Data records:

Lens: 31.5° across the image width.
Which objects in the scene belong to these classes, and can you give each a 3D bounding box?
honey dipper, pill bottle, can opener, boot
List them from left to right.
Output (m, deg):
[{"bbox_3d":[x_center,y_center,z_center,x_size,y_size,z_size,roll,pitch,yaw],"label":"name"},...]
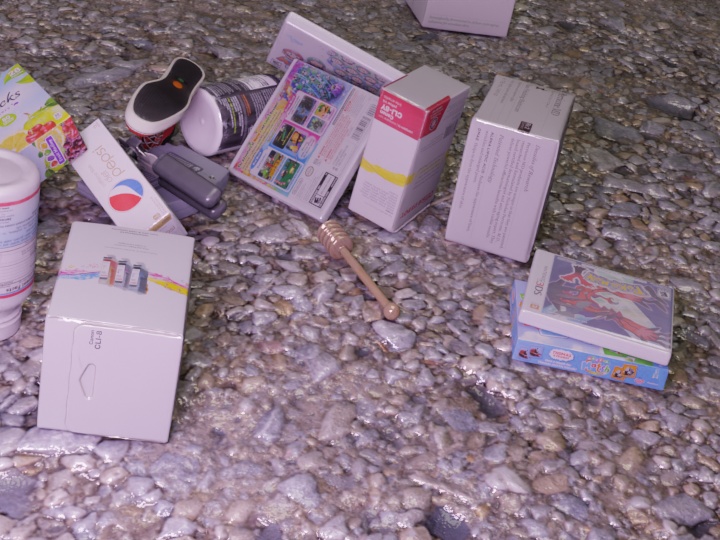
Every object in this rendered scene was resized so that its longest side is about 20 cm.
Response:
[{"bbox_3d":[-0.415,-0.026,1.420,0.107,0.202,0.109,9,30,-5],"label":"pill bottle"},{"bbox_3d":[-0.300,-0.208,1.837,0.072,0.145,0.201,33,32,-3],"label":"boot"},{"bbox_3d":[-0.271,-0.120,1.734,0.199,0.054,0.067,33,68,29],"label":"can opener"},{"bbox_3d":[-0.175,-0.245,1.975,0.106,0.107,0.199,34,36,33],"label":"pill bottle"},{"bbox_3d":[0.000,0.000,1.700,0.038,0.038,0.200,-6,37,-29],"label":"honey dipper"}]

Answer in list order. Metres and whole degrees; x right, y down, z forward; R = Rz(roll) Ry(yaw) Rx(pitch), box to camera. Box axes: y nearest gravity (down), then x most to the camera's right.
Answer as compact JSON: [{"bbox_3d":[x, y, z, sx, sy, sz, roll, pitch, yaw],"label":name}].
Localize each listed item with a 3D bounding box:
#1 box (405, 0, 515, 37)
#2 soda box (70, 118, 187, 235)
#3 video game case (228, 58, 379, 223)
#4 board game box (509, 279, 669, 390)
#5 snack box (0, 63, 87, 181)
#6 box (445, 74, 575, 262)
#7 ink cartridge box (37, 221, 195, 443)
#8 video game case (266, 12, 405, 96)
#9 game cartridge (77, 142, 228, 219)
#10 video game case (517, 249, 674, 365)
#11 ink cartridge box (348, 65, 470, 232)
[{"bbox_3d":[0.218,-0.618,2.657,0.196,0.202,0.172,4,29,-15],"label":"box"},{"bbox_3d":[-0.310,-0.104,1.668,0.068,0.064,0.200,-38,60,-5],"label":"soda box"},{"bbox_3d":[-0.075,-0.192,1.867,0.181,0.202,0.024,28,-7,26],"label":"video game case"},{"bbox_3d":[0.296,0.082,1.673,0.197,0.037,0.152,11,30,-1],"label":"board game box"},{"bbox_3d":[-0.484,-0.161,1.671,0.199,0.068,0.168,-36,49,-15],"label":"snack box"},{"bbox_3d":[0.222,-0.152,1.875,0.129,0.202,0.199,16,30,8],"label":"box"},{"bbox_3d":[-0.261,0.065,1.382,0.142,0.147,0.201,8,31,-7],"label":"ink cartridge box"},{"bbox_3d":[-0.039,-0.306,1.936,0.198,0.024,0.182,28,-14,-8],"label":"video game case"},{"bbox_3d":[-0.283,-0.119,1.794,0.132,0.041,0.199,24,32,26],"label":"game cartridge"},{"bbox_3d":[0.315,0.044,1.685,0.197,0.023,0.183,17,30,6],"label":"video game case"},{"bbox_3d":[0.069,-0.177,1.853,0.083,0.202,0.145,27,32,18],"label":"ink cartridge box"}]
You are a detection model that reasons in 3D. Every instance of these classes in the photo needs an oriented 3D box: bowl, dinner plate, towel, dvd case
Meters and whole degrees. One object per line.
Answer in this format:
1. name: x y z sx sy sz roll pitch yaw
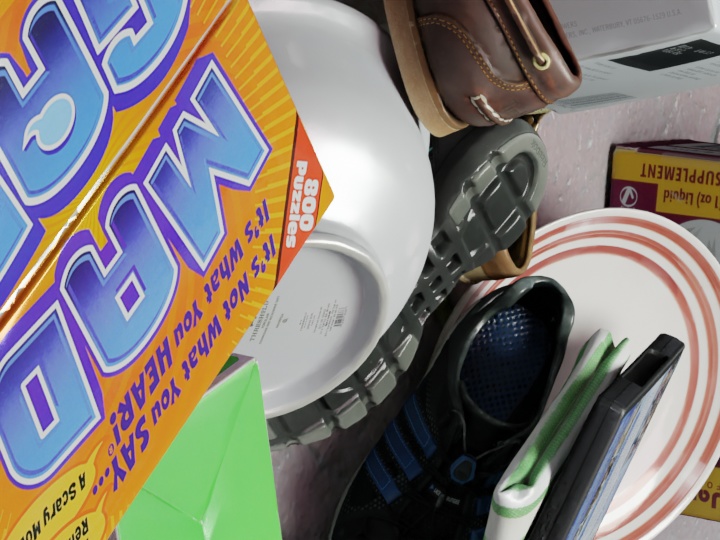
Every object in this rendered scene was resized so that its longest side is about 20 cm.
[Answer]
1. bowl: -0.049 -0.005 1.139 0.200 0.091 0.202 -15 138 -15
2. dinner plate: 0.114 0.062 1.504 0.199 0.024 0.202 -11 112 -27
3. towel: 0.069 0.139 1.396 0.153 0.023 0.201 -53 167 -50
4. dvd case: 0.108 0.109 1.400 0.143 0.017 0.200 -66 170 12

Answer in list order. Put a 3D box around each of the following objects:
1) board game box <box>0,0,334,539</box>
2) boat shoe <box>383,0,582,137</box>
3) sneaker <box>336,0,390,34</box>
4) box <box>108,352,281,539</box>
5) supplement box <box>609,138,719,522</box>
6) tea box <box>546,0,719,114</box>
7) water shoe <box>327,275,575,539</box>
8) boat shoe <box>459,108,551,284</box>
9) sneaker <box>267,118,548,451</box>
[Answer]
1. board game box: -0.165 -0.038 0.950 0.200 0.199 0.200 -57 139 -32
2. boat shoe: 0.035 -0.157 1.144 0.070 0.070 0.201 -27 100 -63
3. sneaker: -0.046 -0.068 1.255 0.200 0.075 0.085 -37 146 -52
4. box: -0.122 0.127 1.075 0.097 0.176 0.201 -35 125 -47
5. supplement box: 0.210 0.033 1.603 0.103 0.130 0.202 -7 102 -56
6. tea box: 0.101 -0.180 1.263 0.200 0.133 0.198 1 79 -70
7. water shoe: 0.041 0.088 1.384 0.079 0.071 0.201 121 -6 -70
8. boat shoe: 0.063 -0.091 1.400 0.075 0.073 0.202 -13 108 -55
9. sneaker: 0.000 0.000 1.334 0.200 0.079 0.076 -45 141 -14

---

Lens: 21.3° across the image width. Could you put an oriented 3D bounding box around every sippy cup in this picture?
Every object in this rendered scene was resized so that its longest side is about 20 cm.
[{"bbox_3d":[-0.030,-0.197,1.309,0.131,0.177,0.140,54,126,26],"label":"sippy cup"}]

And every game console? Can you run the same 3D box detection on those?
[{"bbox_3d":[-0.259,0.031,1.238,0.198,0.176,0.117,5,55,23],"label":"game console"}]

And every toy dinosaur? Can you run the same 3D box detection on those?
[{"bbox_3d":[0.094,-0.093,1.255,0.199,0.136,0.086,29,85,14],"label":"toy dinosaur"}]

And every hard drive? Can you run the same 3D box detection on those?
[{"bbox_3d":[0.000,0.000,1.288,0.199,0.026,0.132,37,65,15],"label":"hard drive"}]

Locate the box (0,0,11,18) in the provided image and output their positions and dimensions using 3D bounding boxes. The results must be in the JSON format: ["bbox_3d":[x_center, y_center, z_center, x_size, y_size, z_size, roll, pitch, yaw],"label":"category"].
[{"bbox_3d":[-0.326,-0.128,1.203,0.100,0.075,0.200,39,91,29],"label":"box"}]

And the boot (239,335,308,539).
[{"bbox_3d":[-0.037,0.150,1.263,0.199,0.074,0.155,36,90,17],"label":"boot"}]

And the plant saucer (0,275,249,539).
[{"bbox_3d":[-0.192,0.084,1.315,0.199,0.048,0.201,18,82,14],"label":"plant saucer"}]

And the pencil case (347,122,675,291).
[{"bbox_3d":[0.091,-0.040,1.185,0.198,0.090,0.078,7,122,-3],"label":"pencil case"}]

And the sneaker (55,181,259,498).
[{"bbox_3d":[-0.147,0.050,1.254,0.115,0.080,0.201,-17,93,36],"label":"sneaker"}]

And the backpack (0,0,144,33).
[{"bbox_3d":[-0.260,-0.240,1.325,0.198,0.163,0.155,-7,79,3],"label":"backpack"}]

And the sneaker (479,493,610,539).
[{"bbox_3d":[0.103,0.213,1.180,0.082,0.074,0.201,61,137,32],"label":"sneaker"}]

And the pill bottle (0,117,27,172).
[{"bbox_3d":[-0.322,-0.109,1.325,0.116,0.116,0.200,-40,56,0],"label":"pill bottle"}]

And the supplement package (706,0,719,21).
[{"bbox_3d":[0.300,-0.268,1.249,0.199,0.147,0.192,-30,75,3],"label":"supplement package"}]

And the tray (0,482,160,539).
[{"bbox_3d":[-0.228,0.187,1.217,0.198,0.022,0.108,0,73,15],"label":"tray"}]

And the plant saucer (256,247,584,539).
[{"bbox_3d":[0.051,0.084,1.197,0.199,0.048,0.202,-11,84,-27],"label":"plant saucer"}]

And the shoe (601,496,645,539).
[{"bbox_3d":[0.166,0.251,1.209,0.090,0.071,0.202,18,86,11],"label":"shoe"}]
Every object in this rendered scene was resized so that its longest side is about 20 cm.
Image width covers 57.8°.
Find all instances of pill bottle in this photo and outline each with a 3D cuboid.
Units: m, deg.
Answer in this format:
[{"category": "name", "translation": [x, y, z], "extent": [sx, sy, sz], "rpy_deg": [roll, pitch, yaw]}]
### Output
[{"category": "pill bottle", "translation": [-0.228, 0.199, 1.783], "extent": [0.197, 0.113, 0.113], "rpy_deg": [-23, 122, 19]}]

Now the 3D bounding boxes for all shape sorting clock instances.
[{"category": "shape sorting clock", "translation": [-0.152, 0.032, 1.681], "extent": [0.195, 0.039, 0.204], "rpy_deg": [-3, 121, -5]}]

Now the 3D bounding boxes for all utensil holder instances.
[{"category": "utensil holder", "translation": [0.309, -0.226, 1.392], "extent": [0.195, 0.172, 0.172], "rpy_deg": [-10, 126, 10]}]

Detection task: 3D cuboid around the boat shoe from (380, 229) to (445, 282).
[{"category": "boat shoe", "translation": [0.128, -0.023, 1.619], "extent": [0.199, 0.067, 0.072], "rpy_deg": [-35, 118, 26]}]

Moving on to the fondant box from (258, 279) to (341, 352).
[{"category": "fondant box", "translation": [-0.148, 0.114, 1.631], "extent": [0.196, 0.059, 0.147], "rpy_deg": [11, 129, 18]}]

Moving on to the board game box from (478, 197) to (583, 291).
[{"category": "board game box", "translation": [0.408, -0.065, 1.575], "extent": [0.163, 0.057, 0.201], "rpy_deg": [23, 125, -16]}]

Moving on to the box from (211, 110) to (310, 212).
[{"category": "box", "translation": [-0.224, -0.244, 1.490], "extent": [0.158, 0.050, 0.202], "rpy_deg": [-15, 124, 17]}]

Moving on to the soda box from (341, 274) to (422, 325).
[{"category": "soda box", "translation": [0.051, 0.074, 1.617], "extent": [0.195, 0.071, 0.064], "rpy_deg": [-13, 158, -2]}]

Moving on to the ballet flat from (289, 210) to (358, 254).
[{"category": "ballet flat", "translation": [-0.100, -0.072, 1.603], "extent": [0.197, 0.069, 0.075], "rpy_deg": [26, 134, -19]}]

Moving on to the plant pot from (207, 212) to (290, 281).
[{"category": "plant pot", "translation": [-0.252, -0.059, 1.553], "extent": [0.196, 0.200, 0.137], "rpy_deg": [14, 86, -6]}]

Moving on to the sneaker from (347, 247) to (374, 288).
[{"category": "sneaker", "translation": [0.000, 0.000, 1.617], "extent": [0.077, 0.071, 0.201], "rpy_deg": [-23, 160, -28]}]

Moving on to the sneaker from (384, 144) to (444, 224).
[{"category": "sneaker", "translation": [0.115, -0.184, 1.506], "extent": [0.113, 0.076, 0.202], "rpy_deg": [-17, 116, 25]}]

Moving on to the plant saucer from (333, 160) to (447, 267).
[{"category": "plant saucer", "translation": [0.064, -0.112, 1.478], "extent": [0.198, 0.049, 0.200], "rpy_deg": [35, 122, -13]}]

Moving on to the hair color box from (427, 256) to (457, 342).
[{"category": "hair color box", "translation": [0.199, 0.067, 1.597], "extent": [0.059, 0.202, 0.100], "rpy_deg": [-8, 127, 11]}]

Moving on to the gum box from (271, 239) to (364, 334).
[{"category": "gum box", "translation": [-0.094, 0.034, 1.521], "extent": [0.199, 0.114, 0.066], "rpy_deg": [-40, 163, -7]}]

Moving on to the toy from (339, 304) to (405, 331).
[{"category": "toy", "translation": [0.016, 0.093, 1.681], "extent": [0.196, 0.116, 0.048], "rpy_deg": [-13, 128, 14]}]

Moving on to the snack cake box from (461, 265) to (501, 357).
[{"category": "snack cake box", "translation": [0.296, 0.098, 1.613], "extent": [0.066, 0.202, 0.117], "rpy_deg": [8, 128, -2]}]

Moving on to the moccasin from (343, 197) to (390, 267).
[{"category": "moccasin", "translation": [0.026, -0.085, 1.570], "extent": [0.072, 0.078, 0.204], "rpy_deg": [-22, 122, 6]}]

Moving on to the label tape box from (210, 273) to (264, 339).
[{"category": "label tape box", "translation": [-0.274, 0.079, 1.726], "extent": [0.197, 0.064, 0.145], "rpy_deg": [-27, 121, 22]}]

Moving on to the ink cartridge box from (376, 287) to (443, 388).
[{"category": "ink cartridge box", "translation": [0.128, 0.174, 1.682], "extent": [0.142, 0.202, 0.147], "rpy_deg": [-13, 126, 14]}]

> [Exercise goal]: Reproduce, word for word and in full, only the lines above that start at the line with "1) board game box <box>0,0,334,539</box>" and run through the line with "9) sneaker <box>267,118,548,451</box>", both ends included.

> [Response]:
1) board game box <box>0,0,334,539</box>
2) boat shoe <box>383,0,582,137</box>
3) sneaker <box>336,0,390,34</box>
4) box <box>108,352,281,539</box>
5) supplement box <box>609,138,719,522</box>
6) tea box <box>546,0,719,114</box>
7) water shoe <box>327,275,575,539</box>
8) boat shoe <box>459,108,551,284</box>
9) sneaker <box>267,118,548,451</box>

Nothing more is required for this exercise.